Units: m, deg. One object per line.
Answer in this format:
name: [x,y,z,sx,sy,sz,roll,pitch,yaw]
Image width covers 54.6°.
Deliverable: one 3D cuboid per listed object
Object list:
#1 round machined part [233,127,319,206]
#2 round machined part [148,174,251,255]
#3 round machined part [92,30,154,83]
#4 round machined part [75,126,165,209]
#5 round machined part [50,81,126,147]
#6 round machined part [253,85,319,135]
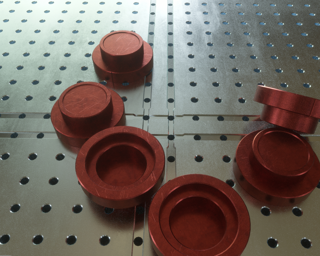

──────────────────────────────

**Required work**:
Take the records above and transcribe them exactly, dropping every picture.

**Solution to this exercise**:
Units: m, deg. One object per line.
Answer in this format:
name: [x,y,z,sx,sy,sz,roll,pitch,yaw]
Image width covers 54.6°.
Deliverable: one 3D cuboid per listed object
Object list:
#1 round machined part [233,127,319,206]
#2 round machined part [148,174,251,255]
#3 round machined part [92,30,154,83]
#4 round machined part [75,126,165,209]
#5 round machined part [50,81,126,147]
#6 round machined part [253,85,319,135]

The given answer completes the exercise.